DATA RECORDS -
########################################

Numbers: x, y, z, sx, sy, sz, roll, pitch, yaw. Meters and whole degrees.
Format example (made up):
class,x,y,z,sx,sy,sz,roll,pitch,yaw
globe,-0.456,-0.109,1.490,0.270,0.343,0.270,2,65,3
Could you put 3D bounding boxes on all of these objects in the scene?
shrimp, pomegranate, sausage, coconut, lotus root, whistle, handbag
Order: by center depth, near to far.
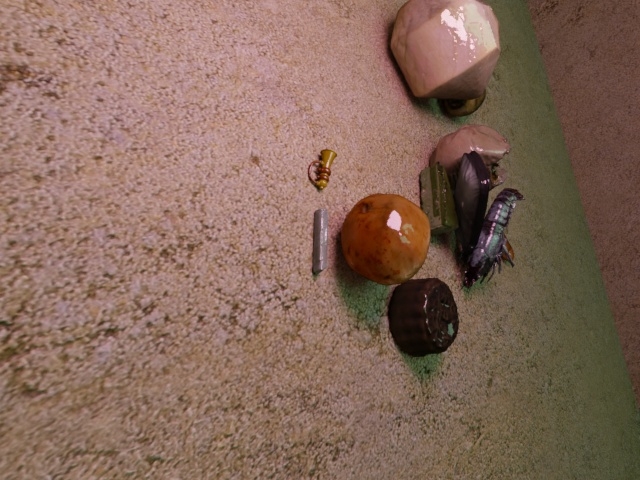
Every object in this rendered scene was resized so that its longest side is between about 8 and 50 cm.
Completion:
class,x,y,z,sx,sy,sz,roll,pitch,yaw
pomegranate,0.170,-0.004,1.237,0.248,0.248,0.248,19,64,-43
whistle,0.006,-0.187,1.257,0.057,0.046,0.109,45,52,-47
handbag,0.485,-0.117,1.585,0.332,0.075,0.191,87,-3,-45
coconut,0.446,-0.670,1.675,0.416,0.345,0.414,21,60,-40
shrimp,0.594,-0.001,1.710,0.166,0.222,0.410,15,96,-55
lotus root,0.591,-0.583,1.951,0.278,0.154,0.154,-42,108,-49
sausage,0.745,0.016,1.988,0.062,0.054,0.183,-46,117,-11

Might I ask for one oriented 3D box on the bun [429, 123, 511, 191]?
class,x,y,z,sx,sy,sz,roll,pitch,yaw
bun,0.517,-0.293,1.705,0.282,0.282,0.204,35,45,-35

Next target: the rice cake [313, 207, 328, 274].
class,x,y,z,sx,sy,sz,roll,pitch,yaw
rice cake,0.001,0.000,1.190,0.029,0.033,0.170,23,61,-40

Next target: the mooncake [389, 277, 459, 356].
class,x,y,z,sx,sy,sz,roll,pitch,yaw
mooncake,0.305,0.217,1.383,0.228,0.124,0.228,19,64,-44

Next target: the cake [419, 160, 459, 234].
class,x,y,z,sx,sy,sz,roll,pitch,yaw
cake,0.392,-0.134,1.615,0.099,0.100,0.235,20,63,-44
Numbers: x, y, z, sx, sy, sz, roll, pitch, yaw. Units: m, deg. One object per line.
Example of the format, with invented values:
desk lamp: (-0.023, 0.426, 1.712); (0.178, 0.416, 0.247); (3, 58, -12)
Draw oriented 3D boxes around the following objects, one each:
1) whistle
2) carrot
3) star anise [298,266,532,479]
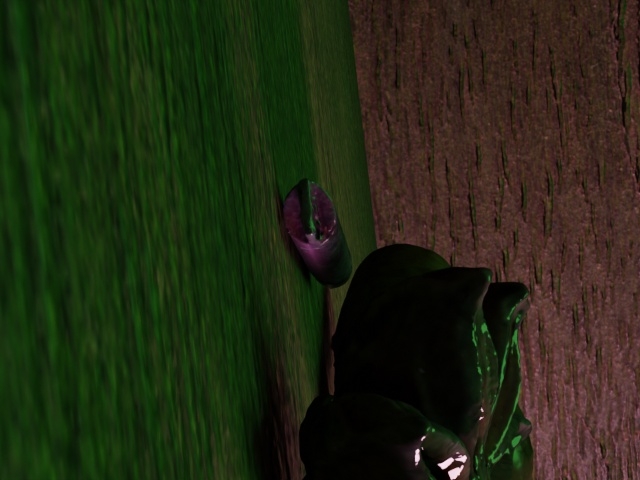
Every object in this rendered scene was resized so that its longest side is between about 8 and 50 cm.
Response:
whistle: (0.000, 0.000, 0.804); (0.176, 0.033, 0.033); (69, 15, -76)
carrot: (0.071, 0.111, 0.933); (0.302, 0.138, 0.139); (-88, 170, -70)
star anise: (0.036, 0.127, 0.612); (0.223, 0.109, 0.236); (-69, 156, -48)
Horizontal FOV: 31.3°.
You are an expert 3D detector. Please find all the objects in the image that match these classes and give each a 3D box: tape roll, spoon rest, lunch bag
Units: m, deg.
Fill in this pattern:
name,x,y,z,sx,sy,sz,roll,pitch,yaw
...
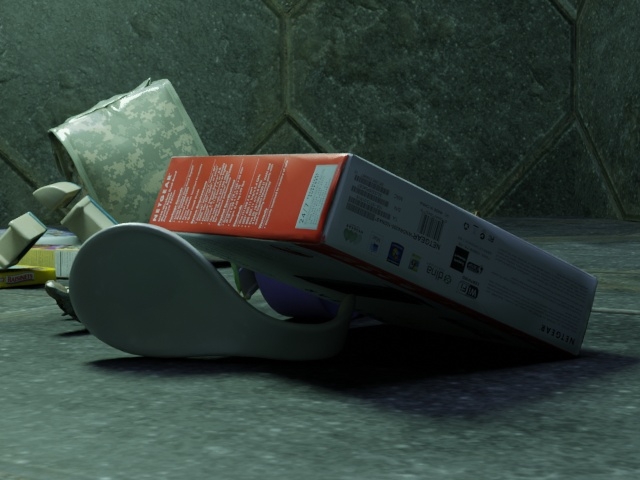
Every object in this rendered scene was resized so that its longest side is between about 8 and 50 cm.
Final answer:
name,x,y,z,sx,sy,sz,roll,pitch,yaw
tape roll,0.000,0.000,1.372,0.080,0.189,0.189,1,4,31
spoon rest,-0.104,0.062,1.092,0.276,0.137,0.084,11,23,-5
lunch bag,-0.325,-0.122,2.032,0.235,0.287,0.169,-28,15,-21

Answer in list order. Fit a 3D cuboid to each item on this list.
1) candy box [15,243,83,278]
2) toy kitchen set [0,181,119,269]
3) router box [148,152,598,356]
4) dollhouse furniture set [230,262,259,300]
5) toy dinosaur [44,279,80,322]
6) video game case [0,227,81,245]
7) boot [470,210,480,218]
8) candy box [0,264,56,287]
name,x,y,z,sx,sy,sz,roll,pitch,yaw
candy box,-0.425,0.034,1.918,0.186,0.053,0.109,2,4,18
toy kitchen set,-0.374,0.024,1.762,0.207,0.166,0.122,44,11,0
router box,0.049,0.013,1.126,0.335,0.082,0.301,23,-11,-34
dollhouse furniture set,-0.122,0.048,1.316,0.058,0.076,0.152,6,37,35
toy dinosaur,-0.239,0.068,1.381,0.118,0.064,0.268,12,9,40
video game case,-0.595,0.016,2.126,0.244,0.061,0.269,-4,5,-25
boot,0.205,0.016,1.685,0.112,0.115,0.305,2,5,2
candy box,-0.522,0.058,1.756,0.105,0.027,0.205,1,3,42
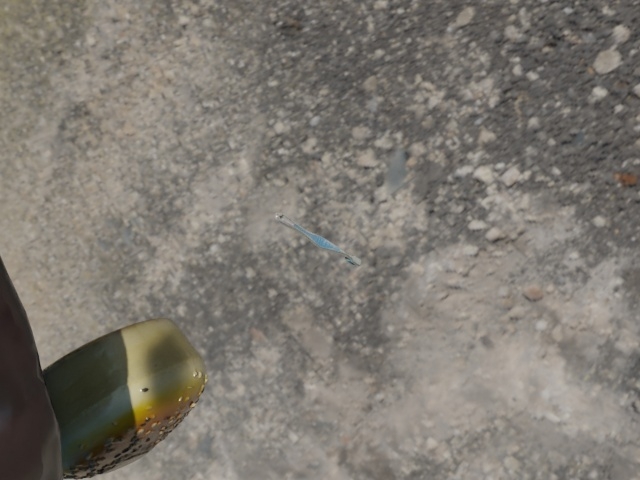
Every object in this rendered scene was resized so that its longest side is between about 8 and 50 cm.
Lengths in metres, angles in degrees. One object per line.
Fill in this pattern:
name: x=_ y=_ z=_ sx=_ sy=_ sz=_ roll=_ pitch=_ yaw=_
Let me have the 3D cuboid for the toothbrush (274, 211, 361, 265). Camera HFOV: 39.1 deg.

########################################

WHAT IS EXPECTED - Output the lines above exactly, but only those between the line holding "2) toy kitchen set [0,181,119,269]" and the line holding "7) boot [470,210,480,218]", inclusive.

REPLY TO THE EXERCISE -
2) toy kitchen set [0,181,119,269]
3) router box [148,152,598,356]
4) dollhouse furniture set [230,262,259,300]
5) toy dinosaur [44,279,80,322]
6) video game case [0,227,81,245]
7) boot [470,210,480,218]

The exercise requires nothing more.